Train on 3574 samples, validate on 398 samples
Epoch 1/30
Epoch 2/30
Epoch 3/30
Epoch 4/30
Epoch 5/30
Epoch 6/30
Epoch 7/30
Epoch 8/30


In [85]:
import tensorflow as tf
print("You are using TensorFlow version", tf.__version__)
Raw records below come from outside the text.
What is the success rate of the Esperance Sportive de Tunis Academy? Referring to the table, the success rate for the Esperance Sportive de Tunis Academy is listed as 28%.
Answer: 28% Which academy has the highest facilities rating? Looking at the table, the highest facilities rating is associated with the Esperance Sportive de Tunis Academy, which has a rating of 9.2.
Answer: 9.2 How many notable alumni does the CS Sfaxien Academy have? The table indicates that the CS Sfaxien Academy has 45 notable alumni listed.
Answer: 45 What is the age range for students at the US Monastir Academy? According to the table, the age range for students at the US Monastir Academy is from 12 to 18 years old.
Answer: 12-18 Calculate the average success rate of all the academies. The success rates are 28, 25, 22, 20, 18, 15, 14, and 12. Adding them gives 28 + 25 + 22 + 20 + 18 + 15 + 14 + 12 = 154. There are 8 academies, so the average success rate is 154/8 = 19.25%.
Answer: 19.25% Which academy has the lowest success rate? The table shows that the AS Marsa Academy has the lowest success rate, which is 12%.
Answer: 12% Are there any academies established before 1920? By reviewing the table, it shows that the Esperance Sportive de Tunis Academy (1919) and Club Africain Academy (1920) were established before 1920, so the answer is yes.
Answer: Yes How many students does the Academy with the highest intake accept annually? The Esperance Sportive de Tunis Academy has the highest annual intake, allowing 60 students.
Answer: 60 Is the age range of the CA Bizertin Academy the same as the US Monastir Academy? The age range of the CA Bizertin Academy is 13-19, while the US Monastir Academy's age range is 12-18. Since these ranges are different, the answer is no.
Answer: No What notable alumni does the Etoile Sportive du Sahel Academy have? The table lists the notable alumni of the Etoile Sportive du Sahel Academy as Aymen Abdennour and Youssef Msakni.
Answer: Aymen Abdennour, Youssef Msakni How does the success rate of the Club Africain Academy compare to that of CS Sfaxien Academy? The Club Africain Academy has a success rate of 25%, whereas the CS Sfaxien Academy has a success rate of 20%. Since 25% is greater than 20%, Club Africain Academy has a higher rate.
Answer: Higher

You are using TensorFlow version 1.14.0


In [75]:
hello=tf.constant('Hello,TensorFlow!')

In [76]:
sess=tf.Session()

In [77]:
print(sess.run(hello))

b'Hello,TensorFlow!'


In [82]:
model = Sequential()
model.add(Embedding(MAX_NB_WORDS, EMBEDDING_DIM, input_length=X.shape[1]))
model.add(Dropout(0.2))
model.add(LSTM(100, return_sequences=True))
model.add(Dropout(0.2))
model.add(LSTM(64, return_sequences=True))
model.add(Dropout(0.2))
model.add(LSTM(64, dropout=0.2, recurrent_dropout=0.2))
model.add(Dense(13, activation='softmax'))
model.compile(loss='categorical_crossentropy', optimizer='adam', metrics=['accuracy'])

epochs = 30
batch_size = 64

history = model.fit(X_train, Y_train, epochs=epochs, batch_size=batch_size,validation_split=0.1,callbacks=[EarlyStopping(monitor='val_loss', patience=3, min_delta=0.0001)])
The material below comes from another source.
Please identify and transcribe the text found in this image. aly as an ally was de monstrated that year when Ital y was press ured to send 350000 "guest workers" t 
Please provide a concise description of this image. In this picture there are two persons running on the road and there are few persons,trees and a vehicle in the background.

Train on 3574 samples, validate on 398 samples
Epoch 1/30
Epoch 2/30
Epoch 3/30
Epoch 4/30


In [83]:
accr = model.evaluate(X_test,Y_test)
print('Test set\n  Loss: {:0.3f}\n  Accuracy: {:0.3f}'.format(accr[0],accr[1]))

Test set
  Loss: 2.073
  Accuracy: 0.315


# Conclusion

After all that testing the LSTM deep learning models could not perform better on the tokenized data than logistic regression performed on pca reduced tf-idf vectors. the best model using LSTM had 36% accuracy on the test data while Lasso LogReg obtained 38% accuracy on the test data. From theses experiments it can be seen that preprocessing methods heavily influence the learning of the model. Optimizations can be further explored.